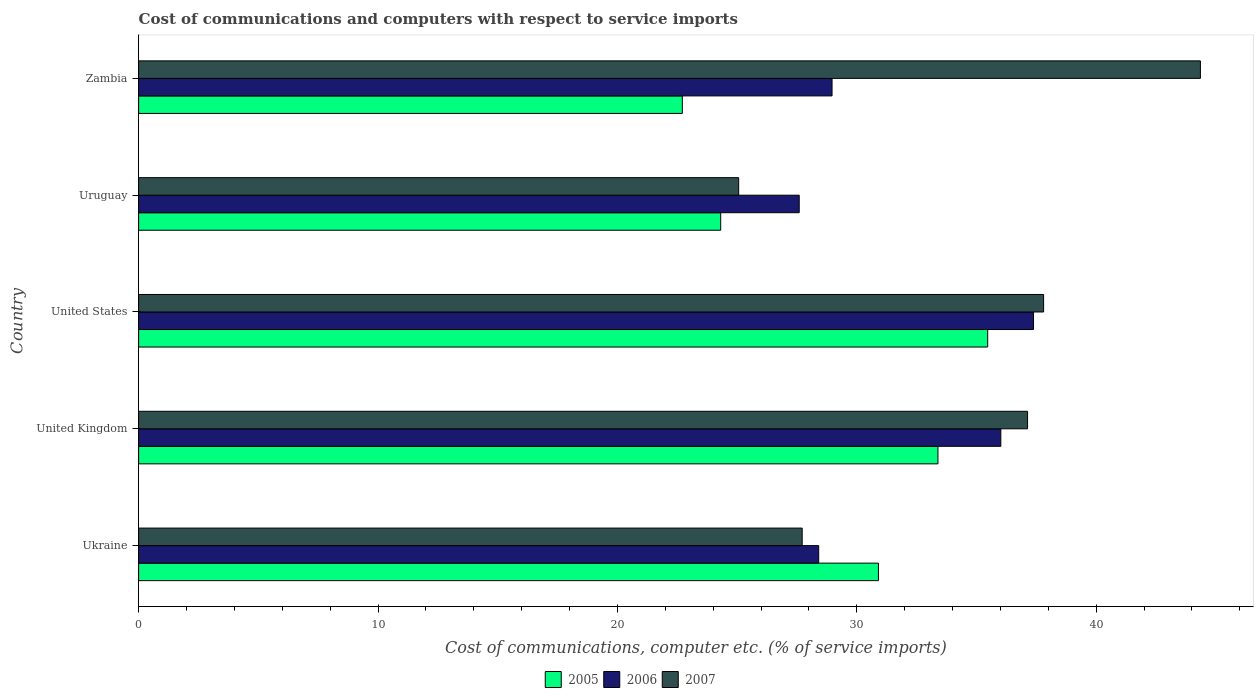Are the number of bars per tick equal to the number of legend labels?
Your response must be concise. Yes. Are the number of bars on each tick of the Y-axis equal?
Ensure brevity in your answer.  Yes. How many bars are there on the 3rd tick from the top?
Provide a succinct answer. 3. How many bars are there on the 1st tick from the bottom?
Your answer should be very brief. 3. What is the label of the 1st group of bars from the top?
Offer a terse response. Zambia. In how many cases, is the number of bars for a given country not equal to the number of legend labels?
Provide a short and direct response. 0. What is the cost of communications and computers in 2006 in United Kingdom?
Make the answer very short. 36.02. Across all countries, what is the maximum cost of communications and computers in 2005?
Offer a terse response. 35.47. Across all countries, what is the minimum cost of communications and computers in 2006?
Your response must be concise. 27.6. In which country was the cost of communications and computers in 2007 maximum?
Your response must be concise. Zambia. In which country was the cost of communications and computers in 2007 minimum?
Offer a terse response. Uruguay. What is the total cost of communications and computers in 2007 in the graph?
Your answer should be compact. 172.08. What is the difference between the cost of communications and computers in 2005 in United Kingdom and that in Zambia?
Provide a succinct answer. 10.68. What is the difference between the cost of communications and computers in 2005 in United Kingdom and the cost of communications and computers in 2006 in Ukraine?
Your answer should be compact. 4.98. What is the average cost of communications and computers in 2007 per country?
Your response must be concise. 34.42. What is the difference between the cost of communications and computers in 2007 and cost of communications and computers in 2006 in United States?
Ensure brevity in your answer.  0.42. What is the ratio of the cost of communications and computers in 2006 in United States to that in Zambia?
Make the answer very short. 1.29. Is the cost of communications and computers in 2005 in Ukraine less than that in United States?
Keep it short and to the point. Yes. What is the difference between the highest and the second highest cost of communications and computers in 2006?
Your response must be concise. 1.37. What is the difference between the highest and the lowest cost of communications and computers in 2007?
Provide a short and direct response. 19.29. In how many countries, is the cost of communications and computers in 2007 greater than the average cost of communications and computers in 2007 taken over all countries?
Offer a terse response. 3. What does the 1st bar from the top in Zambia represents?
Your answer should be compact. 2007. What does the 2nd bar from the bottom in Uruguay represents?
Your answer should be very brief. 2006. How many bars are there?
Make the answer very short. 15. Are all the bars in the graph horizontal?
Your answer should be very brief. Yes. What is the difference between two consecutive major ticks on the X-axis?
Your answer should be compact. 10. Does the graph contain any zero values?
Keep it short and to the point. No. Does the graph contain grids?
Your response must be concise. No. How are the legend labels stacked?
Keep it short and to the point. Horizontal. What is the title of the graph?
Provide a short and direct response. Cost of communications and computers with respect to service imports. What is the label or title of the X-axis?
Make the answer very short. Cost of communications, computer etc. (% of service imports). What is the Cost of communications, computer etc. (% of service imports) in 2005 in Ukraine?
Provide a succinct answer. 30.9. What is the Cost of communications, computer etc. (% of service imports) in 2006 in Ukraine?
Ensure brevity in your answer.  28.41. What is the Cost of communications, computer etc. (% of service imports) in 2007 in Ukraine?
Offer a very short reply. 27.72. What is the Cost of communications, computer etc. (% of service imports) in 2005 in United Kingdom?
Keep it short and to the point. 33.39. What is the Cost of communications, computer etc. (% of service imports) in 2006 in United Kingdom?
Your response must be concise. 36.02. What is the Cost of communications, computer etc. (% of service imports) in 2007 in United Kingdom?
Offer a terse response. 37.13. What is the Cost of communications, computer etc. (% of service imports) of 2005 in United States?
Make the answer very short. 35.47. What is the Cost of communications, computer etc. (% of service imports) of 2006 in United States?
Your answer should be compact. 37.38. What is the Cost of communications, computer etc. (% of service imports) of 2007 in United States?
Your answer should be very brief. 37.8. What is the Cost of communications, computer etc. (% of service imports) in 2005 in Uruguay?
Your response must be concise. 24.32. What is the Cost of communications, computer etc. (% of service imports) of 2006 in Uruguay?
Your answer should be very brief. 27.6. What is the Cost of communications, computer etc. (% of service imports) of 2007 in Uruguay?
Your response must be concise. 25.07. What is the Cost of communications, computer etc. (% of service imports) in 2005 in Zambia?
Provide a short and direct response. 22.71. What is the Cost of communications, computer etc. (% of service imports) of 2006 in Zambia?
Offer a terse response. 28.97. What is the Cost of communications, computer etc. (% of service imports) in 2007 in Zambia?
Your response must be concise. 44.35. Across all countries, what is the maximum Cost of communications, computer etc. (% of service imports) of 2005?
Provide a short and direct response. 35.47. Across all countries, what is the maximum Cost of communications, computer etc. (% of service imports) in 2006?
Offer a very short reply. 37.38. Across all countries, what is the maximum Cost of communications, computer etc. (% of service imports) of 2007?
Give a very brief answer. 44.35. Across all countries, what is the minimum Cost of communications, computer etc. (% of service imports) of 2005?
Your response must be concise. 22.71. Across all countries, what is the minimum Cost of communications, computer etc. (% of service imports) of 2006?
Provide a short and direct response. 27.6. Across all countries, what is the minimum Cost of communications, computer etc. (% of service imports) in 2007?
Your answer should be compact. 25.07. What is the total Cost of communications, computer etc. (% of service imports) in 2005 in the graph?
Your answer should be very brief. 146.79. What is the total Cost of communications, computer etc. (% of service imports) in 2006 in the graph?
Your answer should be compact. 158.37. What is the total Cost of communications, computer etc. (% of service imports) in 2007 in the graph?
Your answer should be compact. 172.08. What is the difference between the Cost of communications, computer etc. (% of service imports) of 2005 in Ukraine and that in United Kingdom?
Offer a very short reply. -2.49. What is the difference between the Cost of communications, computer etc. (% of service imports) of 2006 in Ukraine and that in United Kingdom?
Your response must be concise. -7.61. What is the difference between the Cost of communications, computer etc. (% of service imports) of 2007 in Ukraine and that in United Kingdom?
Your response must be concise. -9.41. What is the difference between the Cost of communications, computer etc. (% of service imports) in 2005 in Ukraine and that in United States?
Keep it short and to the point. -4.56. What is the difference between the Cost of communications, computer etc. (% of service imports) of 2006 in Ukraine and that in United States?
Your response must be concise. -8.97. What is the difference between the Cost of communications, computer etc. (% of service imports) in 2007 in Ukraine and that in United States?
Offer a very short reply. -10.09. What is the difference between the Cost of communications, computer etc. (% of service imports) of 2005 in Ukraine and that in Uruguay?
Provide a succinct answer. 6.59. What is the difference between the Cost of communications, computer etc. (% of service imports) of 2006 in Ukraine and that in Uruguay?
Provide a short and direct response. 0.81. What is the difference between the Cost of communications, computer etc. (% of service imports) of 2007 in Ukraine and that in Uruguay?
Give a very brief answer. 2.65. What is the difference between the Cost of communications, computer etc. (% of service imports) in 2005 in Ukraine and that in Zambia?
Offer a very short reply. 8.19. What is the difference between the Cost of communications, computer etc. (% of service imports) in 2006 in Ukraine and that in Zambia?
Make the answer very short. -0.56. What is the difference between the Cost of communications, computer etc. (% of service imports) in 2007 in Ukraine and that in Zambia?
Offer a terse response. -16.64. What is the difference between the Cost of communications, computer etc. (% of service imports) in 2005 in United Kingdom and that in United States?
Ensure brevity in your answer.  -2.08. What is the difference between the Cost of communications, computer etc. (% of service imports) of 2006 in United Kingdom and that in United States?
Provide a short and direct response. -1.37. What is the difference between the Cost of communications, computer etc. (% of service imports) of 2007 in United Kingdom and that in United States?
Offer a very short reply. -0.67. What is the difference between the Cost of communications, computer etc. (% of service imports) of 2005 in United Kingdom and that in Uruguay?
Offer a very short reply. 9.08. What is the difference between the Cost of communications, computer etc. (% of service imports) in 2006 in United Kingdom and that in Uruguay?
Your answer should be very brief. 8.42. What is the difference between the Cost of communications, computer etc. (% of service imports) of 2007 in United Kingdom and that in Uruguay?
Ensure brevity in your answer.  12.07. What is the difference between the Cost of communications, computer etc. (% of service imports) of 2005 in United Kingdom and that in Zambia?
Offer a very short reply. 10.68. What is the difference between the Cost of communications, computer etc. (% of service imports) of 2006 in United Kingdom and that in Zambia?
Ensure brevity in your answer.  7.05. What is the difference between the Cost of communications, computer etc. (% of service imports) of 2007 in United Kingdom and that in Zambia?
Your answer should be compact. -7.22. What is the difference between the Cost of communications, computer etc. (% of service imports) of 2005 in United States and that in Uruguay?
Your answer should be very brief. 11.15. What is the difference between the Cost of communications, computer etc. (% of service imports) of 2006 in United States and that in Uruguay?
Keep it short and to the point. 9.79. What is the difference between the Cost of communications, computer etc. (% of service imports) of 2007 in United States and that in Uruguay?
Provide a succinct answer. 12.74. What is the difference between the Cost of communications, computer etc. (% of service imports) in 2005 in United States and that in Zambia?
Your answer should be compact. 12.76. What is the difference between the Cost of communications, computer etc. (% of service imports) of 2006 in United States and that in Zambia?
Make the answer very short. 8.42. What is the difference between the Cost of communications, computer etc. (% of service imports) of 2007 in United States and that in Zambia?
Offer a terse response. -6.55. What is the difference between the Cost of communications, computer etc. (% of service imports) of 2005 in Uruguay and that in Zambia?
Provide a short and direct response. 1.6. What is the difference between the Cost of communications, computer etc. (% of service imports) in 2006 in Uruguay and that in Zambia?
Your response must be concise. -1.37. What is the difference between the Cost of communications, computer etc. (% of service imports) of 2007 in Uruguay and that in Zambia?
Provide a short and direct response. -19.29. What is the difference between the Cost of communications, computer etc. (% of service imports) in 2005 in Ukraine and the Cost of communications, computer etc. (% of service imports) in 2006 in United Kingdom?
Your answer should be compact. -5.11. What is the difference between the Cost of communications, computer etc. (% of service imports) in 2005 in Ukraine and the Cost of communications, computer etc. (% of service imports) in 2007 in United Kingdom?
Make the answer very short. -6.23. What is the difference between the Cost of communications, computer etc. (% of service imports) in 2006 in Ukraine and the Cost of communications, computer etc. (% of service imports) in 2007 in United Kingdom?
Offer a terse response. -8.72. What is the difference between the Cost of communications, computer etc. (% of service imports) of 2005 in Ukraine and the Cost of communications, computer etc. (% of service imports) of 2006 in United States?
Ensure brevity in your answer.  -6.48. What is the difference between the Cost of communications, computer etc. (% of service imports) in 2005 in Ukraine and the Cost of communications, computer etc. (% of service imports) in 2007 in United States?
Keep it short and to the point. -6.9. What is the difference between the Cost of communications, computer etc. (% of service imports) of 2006 in Ukraine and the Cost of communications, computer etc. (% of service imports) of 2007 in United States?
Provide a short and direct response. -9.4. What is the difference between the Cost of communications, computer etc. (% of service imports) of 2005 in Ukraine and the Cost of communications, computer etc. (% of service imports) of 2006 in Uruguay?
Ensure brevity in your answer.  3.31. What is the difference between the Cost of communications, computer etc. (% of service imports) in 2005 in Ukraine and the Cost of communications, computer etc. (% of service imports) in 2007 in Uruguay?
Keep it short and to the point. 5.84. What is the difference between the Cost of communications, computer etc. (% of service imports) of 2006 in Ukraine and the Cost of communications, computer etc. (% of service imports) of 2007 in Uruguay?
Make the answer very short. 3.34. What is the difference between the Cost of communications, computer etc. (% of service imports) in 2005 in Ukraine and the Cost of communications, computer etc. (% of service imports) in 2006 in Zambia?
Provide a short and direct response. 1.94. What is the difference between the Cost of communications, computer etc. (% of service imports) of 2005 in Ukraine and the Cost of communications, computer etc. (% of service imports) of 2007 in Zambia?
Provide a succinct answer. -13.45. What is the difference between the Cost of communications, computer etc. (% of service imports) in 2006 in Ukraine and the Cost of communications, computer etc. (% of service imports) in 2007 in Zambia?
Provide a short and direct response. -15.95. What is the difference between the Cost of communications, computer etc. (% of service imports) of 2005 in United Kingdom and the Cost of communications, computer etc. (% of service imports) of 2006 in United States?
Provide a succinct answer. -3.99. What is the difference between the Cost of communications, computer etc. (% of service imports) in 2005 in United Kingdom and the Cost of communications, computer etc. (% of service imports) in 2007 in United States?
Ensure brevity in your answer.  -4.41. What is the difference between the Cost of communications, computer etc. (% of service imports) in 2006 in United Kingdom and the Cost of communications, computer etc. (% of service imports) in 2007 in United States?
Keep it short and to the point. -1.79. What is the difference between the Cost of communications, computer etc. (% of service imports) of 2005 in United Kingdom and the Cost of communications, computer etc. (% of service imports) of 2006 in Uruguay?
Ensure brevity in your answer.  5.79. What is the difference between the Cost of communications, computer etc. (% of service imports) in 2005 in United Kingdom and the Cost of communications, computer etc. (% of service imports) in 2007 in Uruguay?
Your answer should be compact. 8.32. What is the difference between the Cost of communications, computer etc. (% of service imports) in 2006 in United Kingdom and the Cost of communications, computer etc. (% of service imports) in 2007 in Uruguay?
Keep it short and to the point. 10.95. What is the difference between the Cost of communications, computer etc. (% of service imports) in 2005 in United Kingdom and the Cost of communications, computer etc. (% of service imports) in 2006 in Zambia?
Provide a succinct answer. 4.42. What is the difference between the Cost of communications, computer etc. (% of service imports) in 2005 in United Kingdom and the Cost of communications, computer etc. (% of service imports) in 2007 in Zambia?
Give a very brief answer. -10.96. What is the difference between the Cost of communications, computer etc. (% of service imports) of 2006 in United Kingdom and the Cost of communications, computer etc. (% of service imports) of 2007 in Zambia?
Offer a very short reply. -8.34. What is the difference between the Cost of communications, computer etc. (% of service imports) in 2005 in United States and the Cost of communications, computer etc. (% of service imports) in 2006 in Uruguay?
Ensure brevity in your answer.  7.87. What is the difference between the Cost of communications, computer etc. (% of service imports) of 2005 in United States and the Cost of communications, computer etc. (% of service imports) of 2007 in Uruguay?
Give a very brief answer. 10.4. What is the difference between the Cost of communications, computer etc. (% of service imports) of 2006 in United States and the Cost of communications, computer etc. (% of service imports) of 2007 in Uruguay?
Keep it short and to the point. 12.32. What is the difference between the Cost of communications, computer etc. (% of service imports) of 2005 in United States and the Cost of communications, computer etc. (% of service imports) of 2006 in Zambia?
Your response must be concise. 6.5. What is the difference between the Cost of communications, computer etc. (% of service imports) in 2005 in United States and the Cost of communications, computer etc. (% of service imports) in 2007 in Zambia?
Offer a terse response. -8.89. What is the difference between the Cost of communications, computer etc. (% of service imports) in 2006 in United States and the Cost of communications, computer etc. (% of service imports) in 2007 in Zambia?
Offer a terse response. -6.97. What is the difference between the Cost of communications, computer etc. (% of service imports) of 2005 in Uruguay and the Cost of communications, computer etc. (% of service imports) of 2006 in Zambia?
Your response must be concise. -4.65. What is the difference between the Cost of communications, computer etc. (% of service imports) in 2005 in Uruguay and the Cost of communications, computer etc. (% of service imports) in 2007 in Zambia?
Your response must be concise. -20.04. What is the difference between the Cost of communications, computer etc. (% of service imports) in 2006 in Uruguay and the Cost of communications, computer etc. (% of service imports) in 2007 in Zambia?
Your answer should be compact. -16.76. What is the average Cost of communications, computer etc. (% of service imports) of 2005 per country?
Ensure brevity in your answer.  29.36. What is the average Cost of communications, computer etc. (% of service imports) of 2006 per country?
Your answer should be compact. 31.67. What is the average Cost of communications, computer etc. (% of service imports) of 2007 per country?
Give a very brief answer. 34.42. What is the difference between the Cost of communications, computer etc. (% of service imports) of 2005 and Cost of communications, computer etc. (% of service imports) of 2006 in Ukraine?
Provide a short and direct response. 2.5. What is the difference between the Cost of communications, computer etc. (% of service imports) of 2005 and Cost of communications, computer etc. (% of service imports) of 2007 in Ukraine?
Keep it short and to the point. 3.19. What is the difference between the Cost of communications, computer etc. (% of service imports) of 2006 and Cost of communications, computer etc. (% of service imports) of 2007 in Ukraine?
Offer a very short reply. 0.69. What is the difference between the Cost of communications, computer etc. (% of service imports) in 2005 and Cost of communications, computer etc. (% of service imports) in 2006 in United Kingdom?
Make the answer very short. -2.63. What is the difference between the Cost of communications, computer etc. (% of service imports) in 2005 and Cost of communications, computer etc. (% of service imports) in 2007 in United Kingdom?
Your answer should be very brief. -3.74. What is the difference between the Cost of communications, computer etc. (% of service imports) in 2006 and Cost of communications, computer etc. (% of service imports) in 2007 in United Kingdom?
Provide a short and direct response. -1.12. What is the difference between the Cost of communications, computer etc. (% of service imports) in 2005 and Cost of communications, computer etc. (% of service imports) in 2006 in United States?
Provide a short and direct response. -1.91. What is the difference between the Cost of communications, computer etc. (% of service imports) of 2005 and Cost of communications, computer etc. (% of service imports) of 2007 in United States?
Your answer should be compact. -2.34. What is the difference between the Cost of communications, computer etc. (% of service imports) in 2006 and Cost of communications, computer etc. (% of service imports) in 2007 in United States?
Your answer should be very brief. -0.42. What is the difference between the Cost of communications, computer etc. (% of service imports) of 2005 and Cost of communications, computer etc. (% of service imports) of 2006 in Uruguay?
Give a very brief answer. -3.28. What is the difference between the Cost of communications, computer etc. (% of service imports) in 2005 and Cost of communications, computer etc. (% of service imports) in 2007 in Uruguay?
Give a very brief answer. -0.75. What is the difference between the Cost of communications, computer etc. (% of service imports) of 2006 and Cost of communications, computer etc. (% of service imports) of 2007 in Uruguay?
Ensure brevity in your answer.  2.53. What is the difference between the Cost of communications, computer etc. (% of service imports) in 2005 and Cost of communications, computer etc. (% of service imports) in 2006 in Zambia?
Ensure brevity in your answer.  -6.25. What is the difference between the Cost of communications, computer etc. (% of service imports) of 2005 and Cost of communications, computer etc. (% of service imports) of 2007 in Zambia?
Your answer should be very brief. -21.64. What is the difference between the Cost of communications, computer etc. (% of service imports) in 2006 and Cost of communications, computer etc. (% of service imports) in 2007 in Zambia?
Ensure brevity in your answer.  -15.39. What is the ratio of the Cost of communications, computer etc. (% of service imports) in 2005 in Ukraine to that in United Kingdom?
Your answer should be very brief. 0.93. What is the ratio of the Cost of communications, computer etc. (% of service imports) of 2006 in Ukraine to that in United Kingdom?
Provide a short and direct response. 0.79. What is the ratio of the Cost of communications, computer etc. (% of service imports) in 2007 in Ukraine to that in United Kingdom?
Your answer should be very brief. 0.75. What is the ratio of the Cost of communications, computer etc. (% of service imports) in 2005 in Ukraine to that in United States?
Give a very brief answer. 0.87. What is the ratio of the Cost of communications, computer etc. (% of service imports) in 2006 in Ukraine to that in United States?
Your answer should be compact. 0.76. What is the ratio of the Cost of communications, computer etc. (% of service imports) in 2007 in Ukraine to that in United States?
Provide a short and direct response. 0.73. What is the ratio of the Cost of communications, computer etc. (% of service imports) in 2005 in Ukraine to that in Uruguay?
Keep it short and to the point. 1.27. What is the ratio of the Cost of communications, computer etc. (% of service imports) of 2006 in Ukraine to that in Uruguay?
Make the answer very short. 1.03. What is the ratio of the Cost of communications, computer etc. (% of service imports) in 2007 in Ukraine to that in Uruguay?
Provide a succinct answer. 1.11. What is the ratio of the Cost of communications, computer etc. (% of service imports) of 2005 in Ukraine to that in Zambia?
Your answer should be very brief. 1.36. What is the ratio of the Cost of communications, computer etc. (% of service imports) in 2006 in Ukraine to that in Zambia?
Your answer should be very brief. 0.98. What is the ratio of the Cost of communications, computer etc. (% of service imports) of 2007 in Ukraine to that in Zambia?
Ensure brevity in your answer.  0.62. What is the ratio of the Cost of communications, computer etc. (% of service imports) of 2005 in United Kingdom to that in United States?
Provide a short and direct response. 0.94. What is the ratio of the Cost of communications, computer etc. (% of service imports) of 2006 in United Kingdom to that in United States?
Provide a short and direct response. 0.96. What is the ratio of the Cost of communications, computer etc. (% of service imports) of 2007 in United Kingdom to that in United States?
Give a very brief answer. 0.98. What is the ratio of the Cost of communications, computer etc. (% of service imports) of 2005 in United Kingdom to that in Uruguay?
Your answer should be compact. 1.37. What is the ratio of the Cost of communications, computer etc. (% of service imports) of 2006 in United Kingdom to that in Uruguay?
Keep it short and to the point. 1.31. What is the ratio of the Cost of communications, computer etc. (% of service imports) of 2007 in United Kingdom to that in Uruguay?
Give a very brief answer. 1.48. What is the ratio of the Cost of communications, computer etc. (% of service imports) of 2005 in United Kingdom to that in Zambia?
Offer a very short reply. 1.47. What is the ratio of the Cost of communications, computer etc. (% of service imports) in 2006 in United Kingdom to that in Zambia?
Ensure brevity in your answer.  1.24. What is the ratio of the Cost of communications, computer etc. (% of service imports) of 2007 in United Kingdom to that in Zambia?
Your response must be concise. 0.84. What is the ratio of the Cost of communications, computer etc. (% of service imports) of 2005 in United States to that in Uruguay?
Your answer should be compact. 1.46. What is the ratio of the Cost of communications, computer etc. (% of service imports) in 2006 in United States to that in Uruguay?
Your answer should be compact. 1.35. What is the ratio of the Cost of communications, computer etc. (% of service imports) of 2007 in United States to that in Uruguay?
Ensure brevity in your answer.  1.51. What is the ratio of the Cost of communications, computer etc. (% of service imports) in 2005 in United States to that in Zambia?
Keep it short and to the point. 1.56. What is the ratio of the Cost of communications, computer etc. (% of service imports) in 2006 in United States to that in Zambia?
Provide a short and direct response. 1.29. What is the ratio of the Cost of communications, computer etc. (% of service imports) in 2007 in United States to that in Zambia?
Provide a short and direct response. 0.85. What is the ratio of the Cost of communications, computer etc. (% of service imports) of 2005 in Uruguay to that in Zambia?
Give a very brief answer. 1.07. What is the ratio of the Cost of communications, computer etc. (% of service imports) of 2006 in Uruguay to that in Zambia?
Provide a succinct answer. 0.95. What is the ratio of the Cost of communications, computer etc. (% of service imports) in 2007 in Uruguay to that in Zambia?
Ensure brevity in your answer.  0.57. What is the difference between the highest and the second highest Cost of communications, computer etc. (% of service imports) in 2005?
Offer a very short reply. 2.08. What is the difference between the highest and the second highest Cost of communications, computer etc. (% of service imports) in 2006?
Offer a very short reply. 1.37. What is the difference between the highest and the second highest Cost of communications, computer etc. (% of service imports) of 2007?
Give a very brief answer. 6.55. What is the difference between the highest and the lowest Cost of communications, computer etc. (% of service imports) of 2005?
Keep it short and to the point. 12.76. What is the difference between the highest and the lowest Cost of communications, computer etc. (% of service imports) in 2006?
Provide a short and direct response. 9.79. What is the difference between the highest and the lowest Cost of communications, computer etc. (% of service imports) of 2007?
Keep it short and to the point. 19.29.
---
• **What is being asked**
Whenever "average" shows up in a line of the listing, copy that whole line.

• **Completed task**
Your answer should be compact. 4.98. What is the average cost of communications and computers in 2007 per country?
Provide a short and direct response. 19.29. In how many countries, is the cost of communications and computers in 2007 greater than the average cost of communications and computers in 2007 taken over all countries?
Your answer should be compact. -16.76. What is the average Cost of communications, computer etc. (% of service imports) of 2005 per country?
Ensure brevity in your answer.  29.36. What is the average Cost of communications, computer etc. (% of service imports) of 2006 per country?
Your answer should be compact. 31.67. What is the average Cost of communications, computer etc. (% of service imports) of 2007 per country?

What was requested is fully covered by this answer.